La tele de nuestra infancia estaba salpicada de dibujos animados, que nos hacían más llevadera la merienda y nos entretenían cuando ya estábamos hartos de ver, una y otra vez, a nuestro Ibertren dar vueltas.

Casi todos esos dibujos eran de Hanna-Barbera, la productora americana de dibujos animados más prolífica de la televisión.

Suyas son tiras animadas que todos recordamos, como:

Maguila Gorila, El lagarto Juancho, Leoncio el león y Tristón, La tortuga Dartagnan, El pulpo Manotas, Pepe Pótamo, La hormiga atómica, Los autos locos, El oso Yogui, Don Gato, Scooby Doo… Y su mayor éxito: Los Picapiedra, que fueron sin duda los antepasados directos de Los Simpson.

Pero de todos estos personajes mis favoritos siempre fueron Pixie y Dixie, dos ratoncitos, uno cubano y otro mexicano, que hacían la vida imposible a Jinks, un gato con un marcado acento andaluz.

Era genial ver cómo se perseguían por la casa mientras el fondo dibujado se repetía una y otra vez, con lo cual deducías que el dueño de la casa tenía una mansión enorme, con un gusto decorativo muy monótono, o que estaban corriendo en círculo.

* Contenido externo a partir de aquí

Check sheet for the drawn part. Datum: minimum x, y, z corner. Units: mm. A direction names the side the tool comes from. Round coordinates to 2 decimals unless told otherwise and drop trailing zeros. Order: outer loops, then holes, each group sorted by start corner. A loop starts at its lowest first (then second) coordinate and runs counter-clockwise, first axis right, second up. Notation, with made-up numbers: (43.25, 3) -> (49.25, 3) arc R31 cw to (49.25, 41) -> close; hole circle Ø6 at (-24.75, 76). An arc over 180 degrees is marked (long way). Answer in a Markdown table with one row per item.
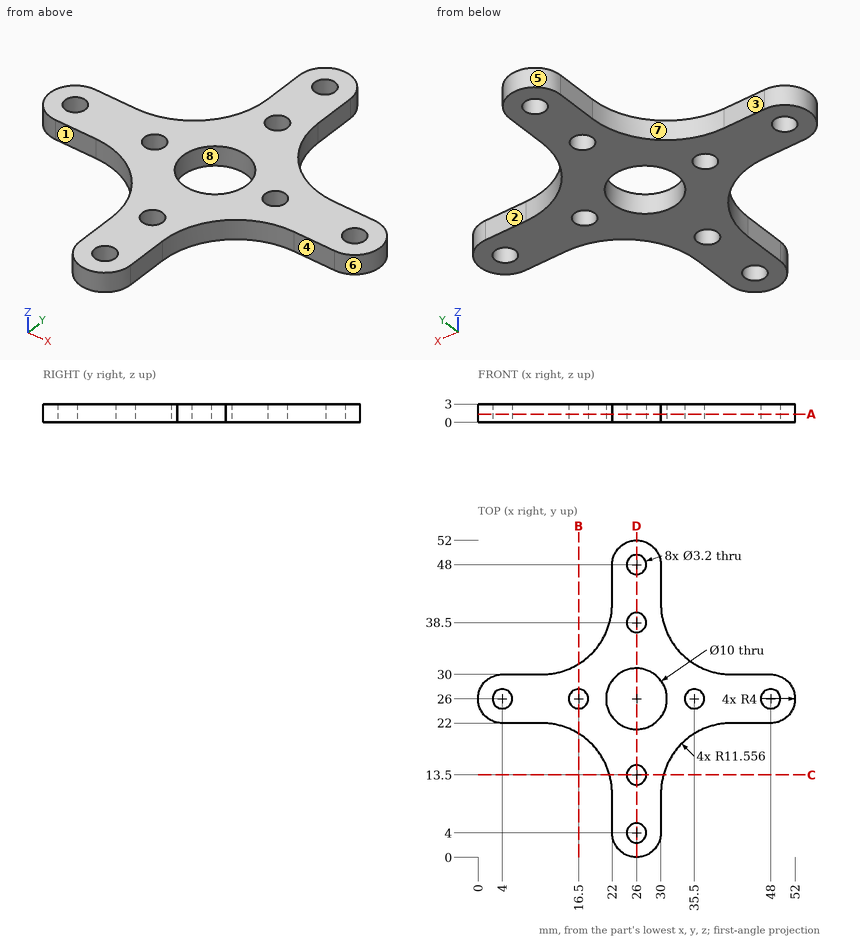
(1) Section check A-A on z = 1.35. Give the number of separate pieces and of enclosed holes in the cut face, plus the area to 3 significant figures.
Solutions:
| item | result |
|---|---|
| separate pieces | 1 |
| enclosed holes | 9 |
| area | 712 mm^2 |
(2) Section check D-D on x = 26. Record the boundary of the cut face in (y, z).
Solutions:
| item | result |
|---|---|
| outline | (0, 0) -> (2.4, 0) -> (2.4, 3) -> (0, 3) -> close; (5.6, 0) -> (11.9, 0) -> (11.9, 3) -> (5.6, 3) -> close; (15.1, 0) -> (21, 0) -> (21, 3) -> (15.1, 3) -> close; (31, 0) -> (36.9, 0) -> (36.9, 3) -> (31, 3) -> close; (40.1, 0) -> (46.4, 0) -> (46.4, 3) -> (40.1, 3) -> close; (49.6, 0) -> (52, 0) -> (52, 3) -> (49.6, 3) -> close |
(3) Section check B-B on x = 16.5. Record the boundary of the cut face in (y, z), plus the area to 3 significant figures.
Solutions:
| item | result |
|---|---|
| outline | (20.29, 0) -> (24.4, 0) -> (24.4, 3) -> (20.29, 3) -> close; (27.6, 0) -> (31.71, 0) -> (31.71, 3) -> (27.6, 3) -> close |
| area | 24.7 mm^2 |
(4) Tool access check on the marked faces 1, 2, 3, 4 and 5. Record the directions out of +Z, -Z, +X, -X, +Y, -Y that give a thin tool (end or side, any length) a straight path to the whole face; none if there is none.
Solutions:
| item | result |
|---|---|
| face 1 | +Z, -Z, -X, -Y |
| face 2 | +Z, -Z, +X, +Y |
| face 3 | +Z, -Z, -X, +Y |
| face 4 | +Z, -Z, +X, -Y |
| face 5 | +Z, -Z, +Y |
(5) Depth check by flat-ended pin: pin 1 Ø1.5 at (y, z) = (44, 2) entering from -X; pin 2 Ø2.5 at (x, y) = (26, 4) entering from +Z; pin 3 Ø1 at (x, z) = (46.5, 2.5) entering from +Y; pin 4 Ø1.5 at (x, z) = (8.5, 2) entering from -Y. Enter the tip coordinate at first touch or a pass-through.
Solutions:
| item | result |
|---|---|
| pin 1 | x = 22 |
| pin 2 | through |
| pin 3 | y = 30 |
| pin 4 | y = 22 |
(6) Section check C-C on y = 13.5. Record the boundary of the cut face in (x, z).
Solutions:
| item | result |
|---|---|
| outline | (21.59, 0) -> (24.4, 0) -> (24.4, 3) -> (21.59, 3) -> close; (27.6, 0) -> (30.41, 0) -> (30.41, 3) -> (27.6, 3) -> close |
(7) Scan lines: probe 1 along Y at (x, z) = (26, 1.45); probe 2 along Y at (x, z) = (44, 2.75); probe 3 along Y at (x, z) = (48, 2.3). Record each from-to range of solid material in increasing order. Write a range as from..to.
Solutions:
| item | result |
|---|---|
| probe 1 | 0..2.4, 5.6..11.9, 15.1..21, 31..36.9, 40.1..46.4, 49.6..52 |
| probe 2 | 22..30 |
| probe 3 | 22..24.4, 27.6..30 |
(8) Draft check along Y on the marked faces 6, 7 and 8. Enter one of: pulls with the +Y half, pulls with the -Y half, needs draft (parallel to the pull), parting line crosses it, or undercut.
Solutions:
| item | result |
|---|---|
| face 6 | parting line crosses it |
| face 7 | pulls with the +Y half |
| face 8 | undercut |
from build123d import *

# Parameters (mm, degrees)
SKETCH1_W           = 220
SKETCH1_H           = 220
BOSS_EXTRUDE1_DEPTH = 4
SKETCH2_R           = 1.5
CUT_EXTRUDE1_DEPTH  = 8
SKETCH3_R           = 1.5
CUT_EXTRUDE2_DEPTH  = 8
CHAMFER1_SIZE       = 10
SKETCH4_R           = 1.375
CUT_EXTRUDE3_DEPTH  = 4
SKETCH5_R           = 2
CUT_EXTRUDE4_DEPTH  = 0.5
SKETCH6_W           = 42
SKETCH6_H           = 35
CUT_EXTRUDE5_DEPTH  = 0.5
SKETCH7_W           = 2.9
SKETCH7_H           = 8
CUT_EXTRUDE6_DEPTH  = 312.152695634
SKETCH9_R           = 1.5
CUT_EXTRUDE7_DEPTH  = 8
SKETCH10_R          = 1.5
CUT_EXTRUDE8_DEPTH  = 312.152695634
CUT_EXTRUDE9_DEPTH  = 46
SKETCH12_R          = 1.5
CUT_EXTRUDE11_DEPTH = 312.152695634


with BuildPart() as part:
    # Sketch1 → Boss-Extrude1 (new body)
    with BuildSketch(Plane(origin=(0, 0, 0), x_dir=(1, 0, 0), z_dir=(0, 1, 0))):
        with Locations((110, 110)):
            Rectangle(SKETCH1_W, SKETCH1_H)
    extrude(amount=BOSS_EXTRUDE1_DEPTH)

    # Sketch2 → Cut-Extrude1 (cut)
    with BuildSketch(Plane(origin=(0, 4, 0), x_dir=(1, 0, 0), z_dir=(0, 1, 0))):
        with Locations(Location((196, 4, 0), (0, 0, 270))):
            Circle(SKETCH2_R)
        with Locations(Location((158, 4, 0), (0, 0, 270))):
            Circle(SKETCH2_R)
        with Locations(Location((196, 58, 0), (0, 0, 270))):
            Circle(SKETCH2_R)
        with Locations(Location((158, 58, 0), (0, 0, 270))):
            Circle(SKETCH2_R)
    extrude(amount=-CUT_EXTRUDE1_DEPTH, mode=Mode.SUBTRACT)

    # Sketch3 → Cut-Extrude2 (cut)
    with BuildSketch(Plane(origin=(0, 4, 0), x_dir=(1, 0, 0), z_dir=(0, 1, 0))):
        with Locations(Location((62, 4, 0), (0, 0, 270))):
            Circle(SKETCH3_R)
        with Locations(Location((24, 4, 0), (0, 0, 270))):
            Circle(SKETCH3_R)
        with Locations(Location((62, 58, 0), (0, 0, 270))):
            Circle(SKETCH3_R)
        with Locations(Location((24, 58, 0), (0, 0, 270))):
            Circle(SKETCH3_R)
    extrude(amount=-CUT_EXTRUDE2_DEPTH, mode=Mode.SUBTRACT)

    # Chamfer1
    chamfer1_edges = [part.edges().sort_by_distance(p)[0] for p in [
        (0, 2, -220),
        (220, 2, -220),
        (220, 2, 0),
        (0, 2, 0),
    ]]
    chamfer(chamfer1_edges, length=CHAMFER1_SIZE)

    # Sketch4 → Cut-Extrude3 (cut)
    with BuildSketch(Plane(origin=(0, 4, 0), x_dir=(1, 0, 0), z_dir=(0, 1, 0))):
        with Locations(Location((151, 130, 0), (0, 0, 270))):
            Circle(SKETCH4_R)
        with Locations(Location((200, 130, 0), (0, 0, 270))):
            Circle(SKETCH4_R)
        with Locations(Location((151, 188, 0), (0, 0, 270))):
            Circle(SKETCH4_R)
        with Locations(Location((200, 188, 0), (0, 0, 270))):
            Circle(SKETCH4_R)
    extrude(amount=-CUT_EXTRUDE3_DEPTH, mode=Mode.SUBTRACT)

    # Sketch5 → Cut-Extrude4 (cut)
    with BuildSketch(Plane(origin=(0, 4, 0), x_dir=(1, 0, 0), z_dir=(0, 1, 0))):
        with Locations(Location((15, 205, 0), (0, 0, 270))):
            Circle(SKETCH5_R)
    extrude(amount=-CUT_EXTRUDE4_DEPTH, mode=Mode.SUBTRACT)

    # Sketch6 → Cut-Extrude5 (cut)
    with BuildSketch(Plane(origin=(0, 4, 0), x_dir=(1, 0, 0), z_dir=(0, 1, 0))):
        with Locations((177, 82.5)):
            Rectangle(SKETCH6_W, SKETCH6_H)
    extrude(amount=-CUT_EXTRUDE5_DEPTH, mode=Mode.SUBTRACT)

    # Sketch7 → Cut-Extrude6 (cut, through all)
    with BuildSketch(Plane(origin=(0, 4, 0), x_dir=(1, 0, 0), z_dir=(0, 1, 0))):
        with Locations((199.55, 82.5)):
            Rectangle(SKETCH7_W, SKETCH7_H)
        with Locations((154.45, 82.5)):
            Rectangle(SKETCH7_W, SKETCH7_H)
    extrude(amount=-CUT_EXTRUDE6_DEPTH, mode=Mode.SUBTRACT)

    # Sketch9 → Cut-Extrude7 (cut)
    with BuildSketch(Plane(origin=(0, 4, 0), x_dir=(1, 0, 0), z_dir=(0, 1, 0))):
        with Locations(Location((30, 180, 0), (0, 0, 270))):
            Circle(SKETCH9_R)
        with Locations(Location((58, 180, 0), (0, 0, 270))):
            Circle(SKETCH9_R)
        with Locations(Location((58, 131, 0), (0, 0, 270))):
            Circle(SKETCH9_R)
        with Locations(Location((30, 131, 0), (0, 0, 270))):
            Circle(SKETCH9_R)
    extrude(amount=-CUT_EXTRUDE7_DEPTH, mode=Mode.SUBTRACT)

    # Sketch10 → Cut-Extrude8 (cut, through all)
    with BuildSketch(Plane(origin=(0, 4, 0), x_dir=(1, 0, 0), z_dir=(0, 1, 0))):
        with Locations(Location((10, 210, 0), (0, 0, 270))):
            Circle(SKETCH10_R)
        with Locations(Location((10, 10, 0), (0, 0, 270))):
            Circle(SKETCH10_R)
        with Locations(Location((210, 10, 0), (0, 0, 270))):
            Circle(SKETCH10_R)
        with Locations(Location((210, 210, 0), (0, 0, 270))):
            Circle(SKETCH10_R)
    extrude(amount=-CUT_EXTRUDE8_DEPTH, mode=Mode.SUBTRACT)

    # Sketch11 → Cut-Extrude9 (cut)
    with BuildSketch(Plane(origin=(0, 4, 0), x_dir=(1, 0, 0), z_dir=(0, 1, 0))):
        with BuildLine():
            ThreePointArc((119, 194.501197137), (117.939339828, 194.061857309), (117.5, 193.001197137))
            Line((117.5, 193.001197137), (119, 193.001197137))
            Line((119, 193.001197137), (119, 194.501197137))
        make_face()
        with BuildLine():
            Line((119, 193.001197137), (117.5, 193.001197137))
            ThreePointArc((117.5, 193.001197137), (119, 191.501197137), (120.5, 193.001197137))
            ThreePointArc((120.5, 193.001197137), (120.060660172, 194.061857309), (119, 194.501197137))
            Line((119, 194.501197137), (119, 193.001197137))
        make_face()
        with BuildLine():
            ThreePointArc((101, 194.501197137), (99.939339828, 191.940536965), (102.5, 193.001197137))
            Line((102.5, 193.001197137), (101, 193.001197137))
            Line((101, 193.001197137), (101, 194.501197137))
        make_face()
        with BuildLine():
            Line((101, 193.001197137), (102.5, 193.001197137))
            ThreePointArc((102.5, 193.001197137), (102.060660172, 194.061857309), (101, 194.501197137))
            Line((101, 194.501197137), (101, 193.001197137))
        make_face()
        with BuildLine():
            ThreePointArc((102.5, 211.001197137), (99.939339828, 212.061857309), (101, 209.501197137))
            Line((101, 209.501197137), (101, 211.001197137))
            Line((101, 211.001197137), (102.5, 211.001197137))
        make_face()
        with BuildLine():
            Line((101, 211.001197137), (101, 209.501197137))
            ThreePointArc((101, 209.501197137), (102.060660172, 209.940536965), (102.5, 211.001197137))
            Line((102.5, 211.001197137), (101, 211.001197137))
        make_face()
        with BuildLine():
            ThreePointArc((117.5, 211.001197137), (117.939339828, 209.940536965), (119, 209.501197137))
            Line((119, 209.501197137), (119, 211.001197137))
            Line((119, 211.001197137), (117.5, 211.001197137))
        make_face()
        with BuildLine():
            Line((119, 211.001197137), (119, 209.501197137))
            ThreePointArc((119, 209.501197137), (120.060660172, 209.940536965), (120.5, 211.001197137))
            ThreePointArc((120.5, 211.001197137), (119, 212.501197137), (117.5, 211.001197137))
            Line((117.5, 211.001197137), (119, 211.001197137))
        make_face()
    extrude(amount=-CUT_EXTRUDE9_DEPTH, mode=Mode.SUBTRACT)

    # Sketch12 → Cut-Extrude11 (cut, through all)
    with BuildSketch(Plane(origin=(0, 4, 0), x_dir=(1, 0, 0), z_dir=(0, 1, 0))):
        with Locations(Location((141, 4, 0), (0, 0, 270))):
            Circle(SKETCH12_R)
        with Locations(Location((79, 4, 0), (0, 0, 270))):
            Circle(SKETCH12_R)
        with Locations(Location((141, 97, 0), (0, 0, 270))):
            Circle(SKETCH12_R)
        with Locations(Location((79, 97, 0), (0, 0, 270))):
            Circle(SKETCH12_R)
    extrude(amount=-CUT_EXTRUDE11_DEPTH, mode=Mode.SUBTRACT)


solid = part.part
The model under review builds one solid part; all positions refer to its coordinate system, in mm. Round coordinates to 2 decimals unless told otherwise and drop trailing zeros. Answer as a JSON object with one key per item and string values.
1. Clearance check with a flat-ended pin moving along its axis: pin 1 (2.5 mm diameter, centred on x = 24, z = -58, fed in from +Y). State where the tip first meets the part, or that it passes through.
Results found:
{"pin 1": "passes through"}
2. To check wall thickness, follow line 1 along X through (y, z) = (2.5, -58); line 2 along X through (y, z) = (2.5, -85.5); line 3 along Z through (x, y) = (141, 0.2). State the ranges of each line that lie inside material, in increasing order.
Results found:
{"line 1": "x = 0 to 22.5, 25.5 to 60.5, 63.5 to 156.5, 159.5 to 194.5, 197.5 to 220", "line 2": "x = 0 to 153, 155.9 to 198.1, 201 to 220", "line 3": "z = -220 to -98.5, -95.5 to -5.5, -2.5 to 0"}
3. The part is to be moulded in two halves that separate along X. For faces 1 (the face through (215, 2, -5)), 2 (the face through (108, 4, -112)), 3 (the face through (5, 2, -5)), 4 (the face through (177, 3.5, -83)), say which applies: pulls with the +X half, pulls with the -X half, needs draft (parallel to the pull), parting line crosses it, or undercut.
Results found:
{"face 1": "pulls with the +X half", "face 2": "needs draft", "face 3": "pulls with the -X half", "face 4": "undercut"}
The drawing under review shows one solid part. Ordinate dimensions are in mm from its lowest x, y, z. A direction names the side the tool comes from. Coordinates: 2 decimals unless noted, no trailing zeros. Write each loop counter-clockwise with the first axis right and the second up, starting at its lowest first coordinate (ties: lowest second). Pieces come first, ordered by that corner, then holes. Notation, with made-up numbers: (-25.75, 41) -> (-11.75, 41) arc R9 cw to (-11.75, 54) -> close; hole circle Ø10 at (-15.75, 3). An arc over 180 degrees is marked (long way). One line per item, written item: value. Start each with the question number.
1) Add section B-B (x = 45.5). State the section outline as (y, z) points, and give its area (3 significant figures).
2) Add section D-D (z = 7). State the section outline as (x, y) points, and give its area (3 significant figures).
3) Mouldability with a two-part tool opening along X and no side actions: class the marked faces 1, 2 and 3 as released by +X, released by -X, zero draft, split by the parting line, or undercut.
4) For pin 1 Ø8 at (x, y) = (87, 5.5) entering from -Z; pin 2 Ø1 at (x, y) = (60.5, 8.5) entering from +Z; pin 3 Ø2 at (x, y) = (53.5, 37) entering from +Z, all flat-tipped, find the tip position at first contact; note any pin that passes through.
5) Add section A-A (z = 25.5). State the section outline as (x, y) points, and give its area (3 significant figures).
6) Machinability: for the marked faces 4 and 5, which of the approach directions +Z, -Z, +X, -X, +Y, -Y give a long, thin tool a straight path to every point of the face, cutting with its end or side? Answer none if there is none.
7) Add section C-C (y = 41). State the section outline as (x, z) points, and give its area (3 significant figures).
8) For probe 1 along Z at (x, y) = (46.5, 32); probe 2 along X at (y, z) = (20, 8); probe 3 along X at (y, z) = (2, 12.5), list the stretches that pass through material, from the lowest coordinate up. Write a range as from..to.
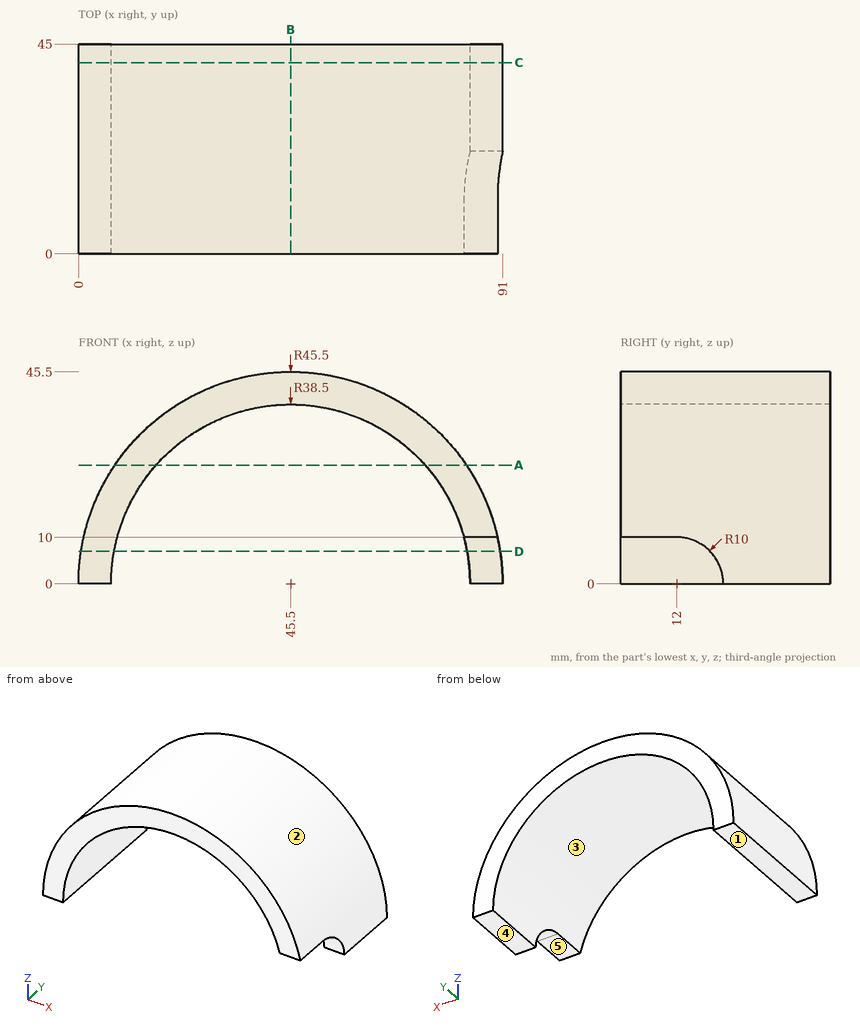
Numbers:
1. outline: (0, 38.5) -> (45, 38.5) -> (45, 45.5) -> (0, 45.5) -> close
1. area: 315 mm²
2. outline: (0.54, 0) -> (7.64, 0) -> (7.64, 45) -> (0.54, 45) -> close; (83.36, 19.14) -> (90.46, 19.14) -> (90.46, 45) -> (83.36, 45) -> close
2. area: 503 mm²
3. face 1: zero draft
3. face 2: split by the parting line
3. face 3: undercut
4. pin 1: z = 10
4. pin 2: z = 43.13
4. pin 3: z = 44.96
5. outline: (7.82, 0) -> (16.66, 0) -> (16.66, 45) -> (7.82, 45) -> close; (74.34, 0) -> (83.18, 0) -> (83.18, 45) -> (74.34, 45) -> close
5. area: 795 mm²
6. face 4: -Z, +X, -X, +Y, -Y
6. face 5: -Z, +X, -Y
7. outline: (0, 0) -> (7, 0) arc R38.5 cw to (84, 0) -> (91, 0) arc R45.5 ccw to start
7. area: 924 mm²
8. probe 1: 38.49..45.49
8. probe 2: 0.71..7.84, 83.16..90.29
8. probe 3: 1.75..9.09, 81.91..89.25
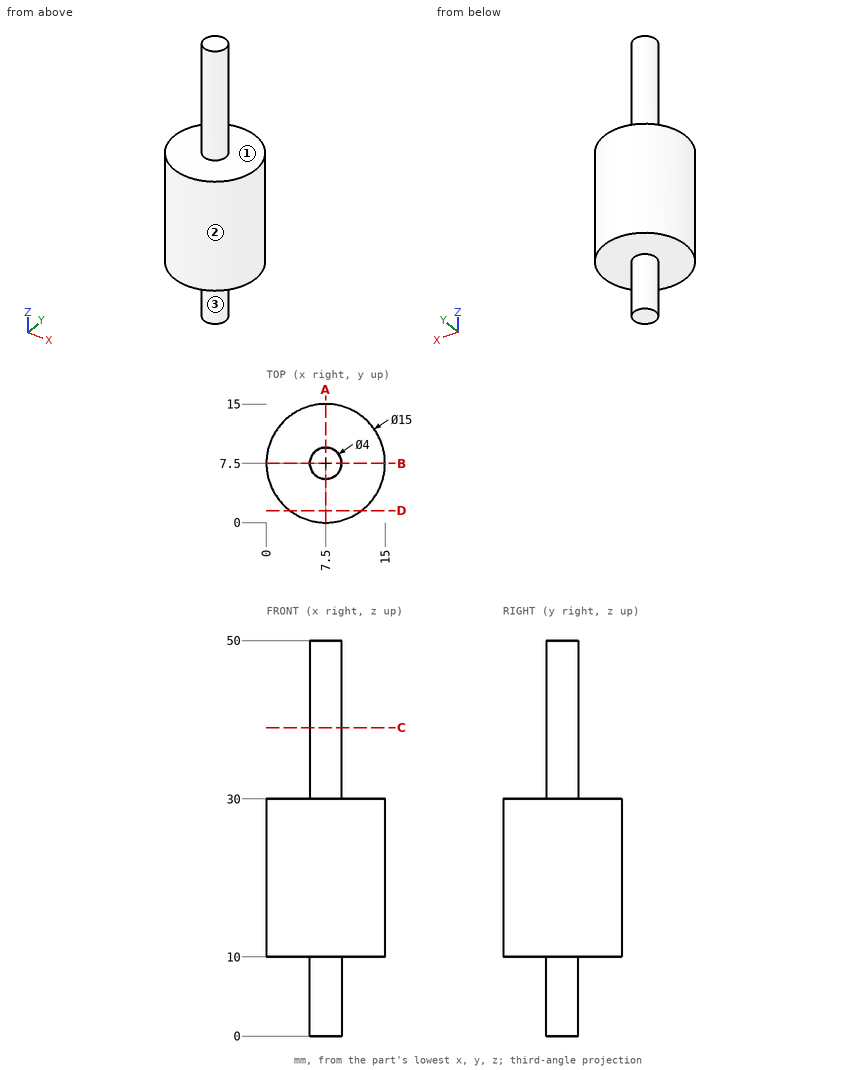
Study the drawing (mm; zero at the part's minimum x, y, z) and answer. A direction names the side the tool comes from. Give positions to 0.01 mm unless a question says otherwise; leave off trailing zeros. Write each loop counter-clockwise with the first axis right and the second up, starting at its lowest first coordinate (ties: lowest second). Pieces come first, ordered by that corner, then holes. Notation, with made-up numbers: (-38.75, 12.5) - (-9.75, 12.5) arc R36 ccw to (-9.75, 46.5) - close; hole circle Ø1 at (-1.75, 49.25). An arc over 180 degrees is marked (long way). Use a Markdown table: item, result.
1. Section C-C on z = 39 is taken. Write down the section's boundary in (x, y).
Values follow:
| item | result |
|---|---|
| outline | circle Ø4 at (7.5, 7.5) |
2. Each of these flat-tipped pins is pushed along its axis until it touches: P1, Ø2, axis at x = 11.5, y = 9.5, coming from the +Z side; P2, Ø5, axis at x = 6, z = 29, coming from the +Y side; P3, Ø3, axis at x = 2, z = 26, coming from the +Y side; P4, Ø3, axis at x = 5, z = 22, coming from the -Y side. Where does it stop, or does it pass through?
Values follow:
| item | result |
|---|---|
| P1 | stops at z = 30 |
| P2 | stops at y = 15 |
| P3 | stops at y = 13.84 |
| P4 | stops at y = 0.07 |
3. Find the intervals of material crossed by probe 1 along Z at (x, y) = (9.5, 0.75); probe 2 along Y at (x, z) = (12, 21); probe 3 along X at (y, z) = (4.25, 18), in increasing order. Write a range as from..to.
Values follow:
| item | result |
|---|---|
| probe 1 | z = 10..30 |
| probe 2 | y = 1.5..13.5 |
| probe 3 | x = 0.74..14.26 |
4. A tool of negligible diameter and unlimited length cuts with its end or side. For the marked faces 1, 2 and 3, from which of +Z, -Z, +X, -X, +Y, -Y can it reach the whole face along a straight path? Write none if from no direction.
Values follow:
| item | result |
|---|---|
| face 1 | +Z |
| face 2 | +Z, -Z |
| face 3 | -Z |
5. Section A-A on x = 7.5 is taken. Write down the section's boundary in (y, z).
Values follow:
| item | result |
|---|---|
| outline | (0, 10) - (5.5, 10) - (5.5, 0) - (9.5, 0) - (9.5, 10) - (15, 10) - (15, 30) - (9.5, 30) - (9.5, 50) - (5.5, 50) - (5.5, 30) - (0, 30) - close |
6. Section D-D on y = 1.5 is taken. Write down the section's boundary in (x, z).
Values follow:
| item | result |
|---|---|
| outline | (3, 10) - (12, 10) - (12, 30) - (3, 30) - close |

Una cosa que era característica de todos estos dibujos es que el doblaje se hacía en México y nos acostumbraron a escuchar expresiones como: «Qué bueno que viniste», «Parecés disgustado, no te enojes», y todos se trataban de usted.

Gatos y ratones siempre han tenido una buena química en la pantalla. Se hacían la vida imposible pero eran inseparables.

Nos gustaban tanto porque quizá nos sentíamos identificados con los ratones, continuamente azuzados por los gatos, que serían nuestros padres.

La imagen del ratón perseguido por toda la casa nos era familiar, ya que era un fiel reflejo de tu madre persiguiéndote con la zapatilla.

Y ocurría igual que en los dibujos: aparentemente se llevaban mal, pero en el fondo se querían.